* _What you are asked to do_
Exact copy, pictures excluded: please retype the lines from the start of the material through the line containing "[0:00.0-0:12.0]", both ends included, and nothing more.

* _Data extract_
--

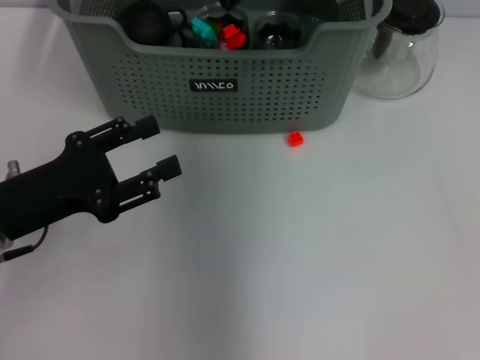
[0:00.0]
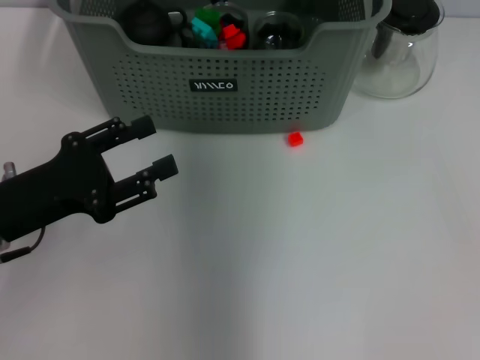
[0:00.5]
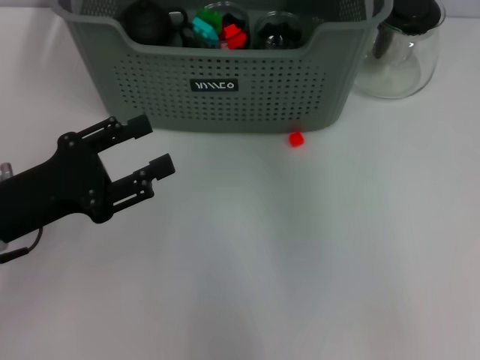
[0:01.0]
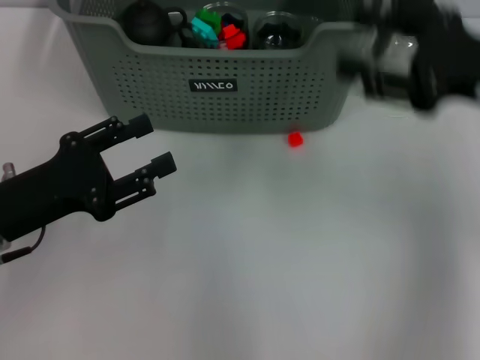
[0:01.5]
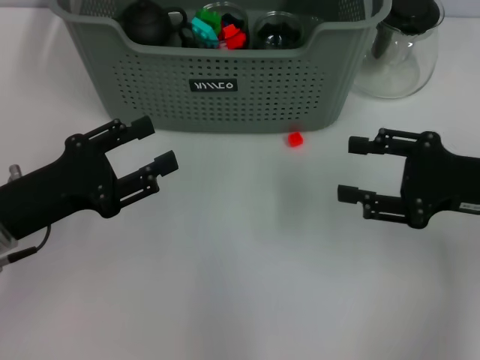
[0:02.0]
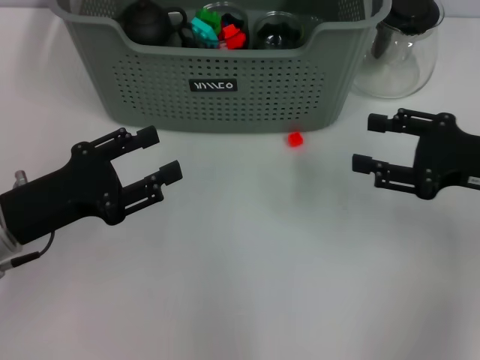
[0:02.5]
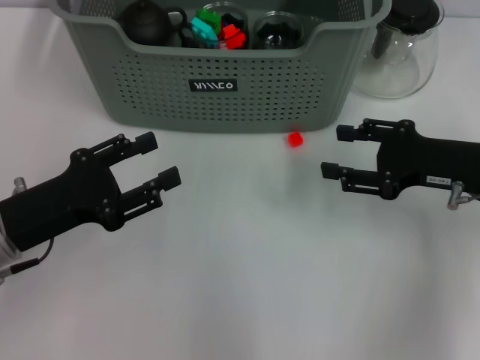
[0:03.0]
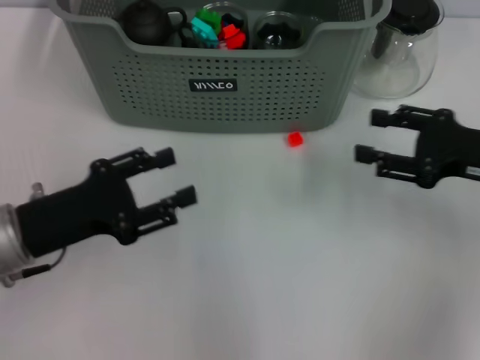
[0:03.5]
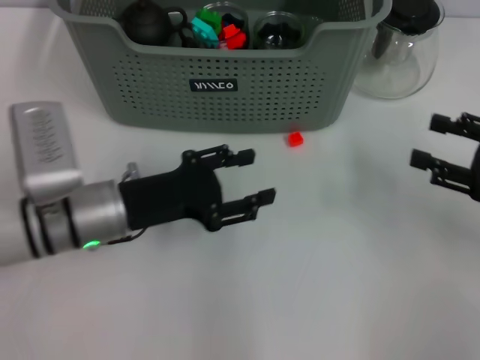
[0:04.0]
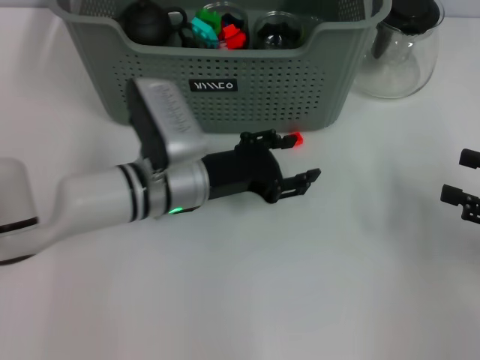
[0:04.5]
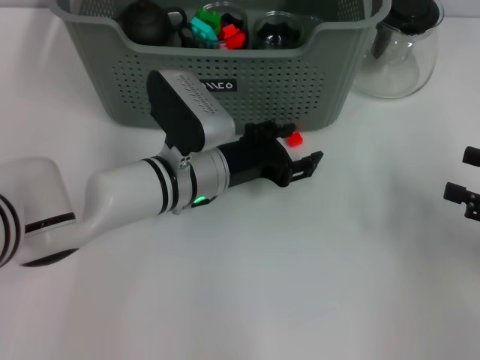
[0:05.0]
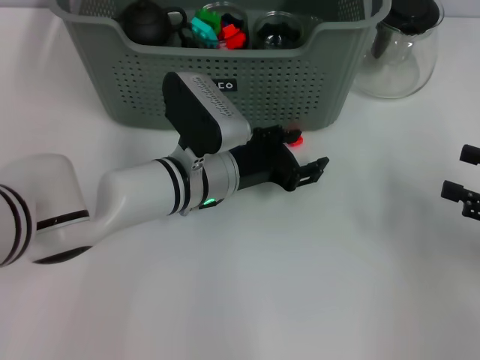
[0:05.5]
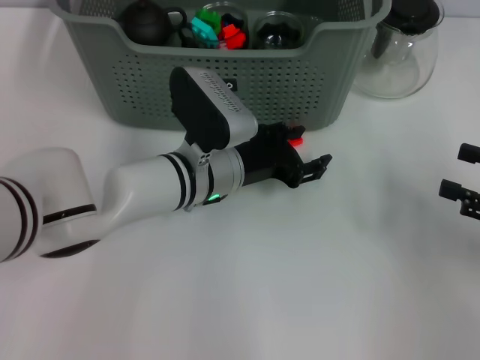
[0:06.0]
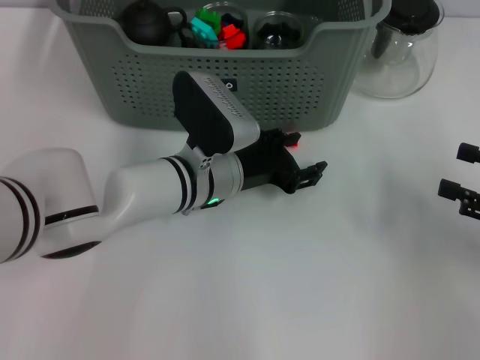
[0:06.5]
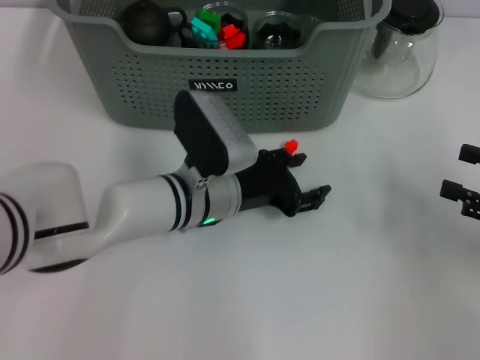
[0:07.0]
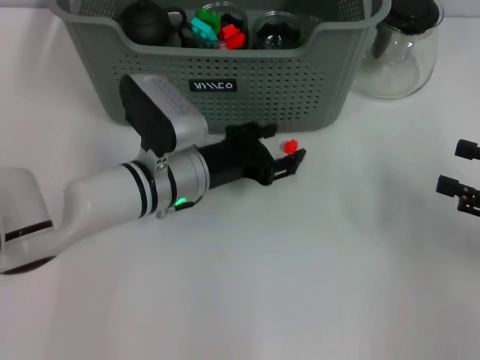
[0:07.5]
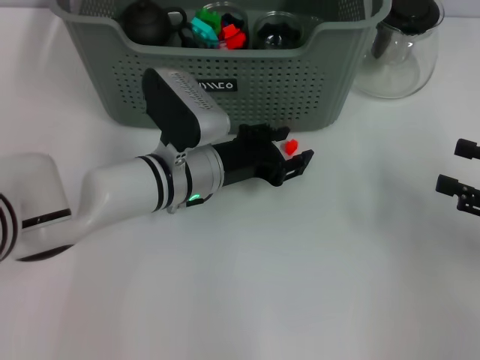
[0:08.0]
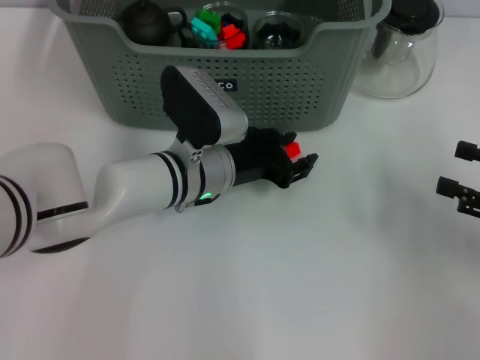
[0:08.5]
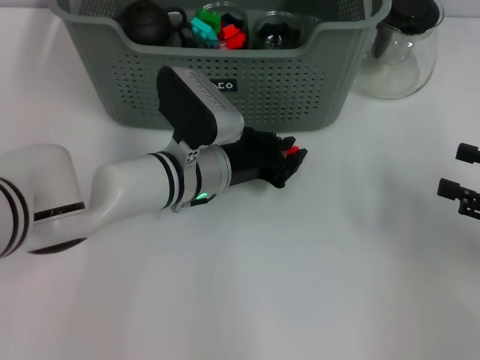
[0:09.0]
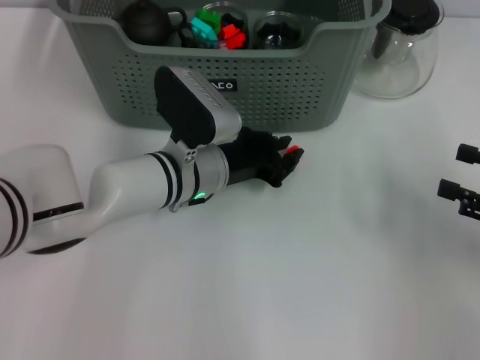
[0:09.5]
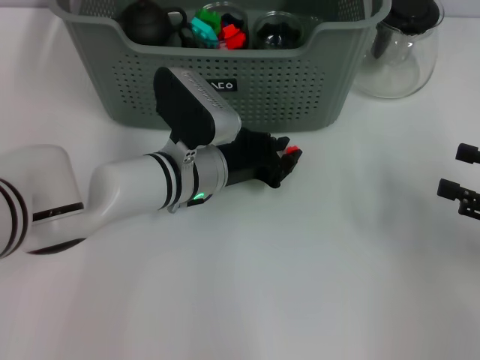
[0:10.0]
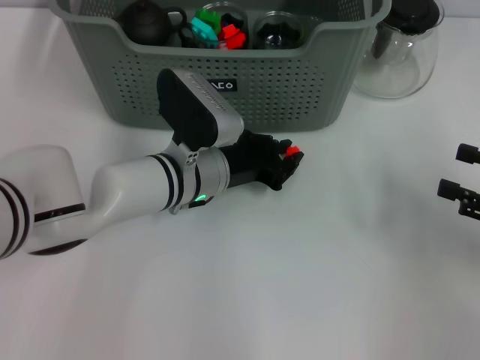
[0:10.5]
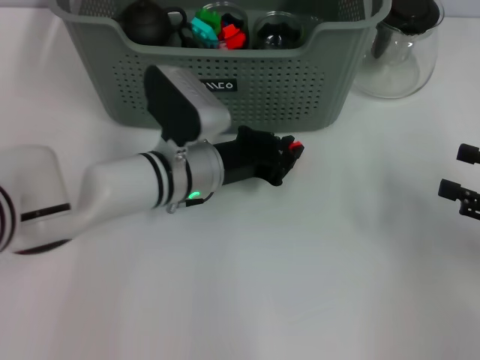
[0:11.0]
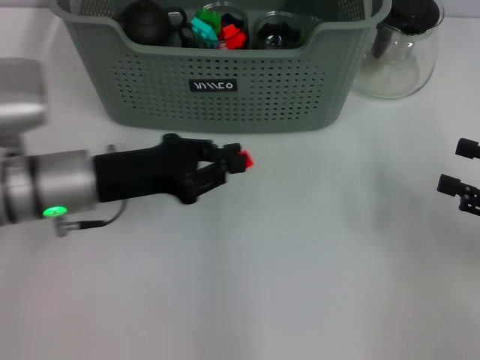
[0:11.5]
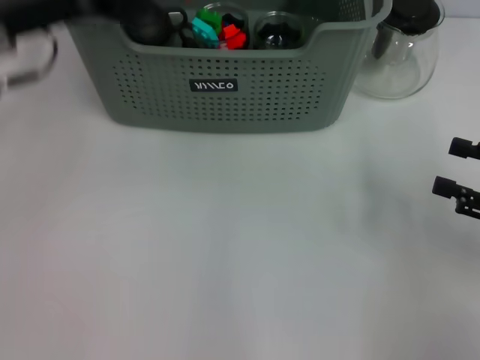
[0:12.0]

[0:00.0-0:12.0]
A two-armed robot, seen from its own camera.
Task of the whole recording: pick up the teacup on the table and place it into the storage bin, pick up the block on the table and place it into the storage bin.
Step, 0:01.0 to 0:10.5: Grasp the orange block with left gripper.
0:00.0 to 0:02.0: The right gripper travels to the right, backward and downward by roughly 35 cm, and opens its fingers.
0:02.0 to 0:04.0: The grippers both shift to the right by approximately 5 cm.
0:04.0 to 0:06.0: The left gripper travels to the right and forward by roughly 15 cm.
0:06.0 to 0:08.0: There are only small adjustments of the grippers.
0:08.0 to 0:10.0: The left gripper closes up.
0:10.0 to 0:12.0: The left gripper shifts approximately 25 cm upward and to the left.

--

* _Exercise response_
[0:00.0]
[0:00.5]
[0:01.0]
[0:01.5]
[0:02.0]
[0:02.5]
[0:03.0]
[0:03.5]
[0:04.0]
[0:04.5]
[0:05.0]
[0:05.5]
[0:06.0]
[0:06.5]
[0:07.0]
[0:07.5]
[0:08.0]
[0:08.5]
[0:09.0]
[0:09.5]
[0:10.0]
[0:10.5]
[0:11.0]
[0:11.5]
[0:12.0]

[0:00.0-0:12.0]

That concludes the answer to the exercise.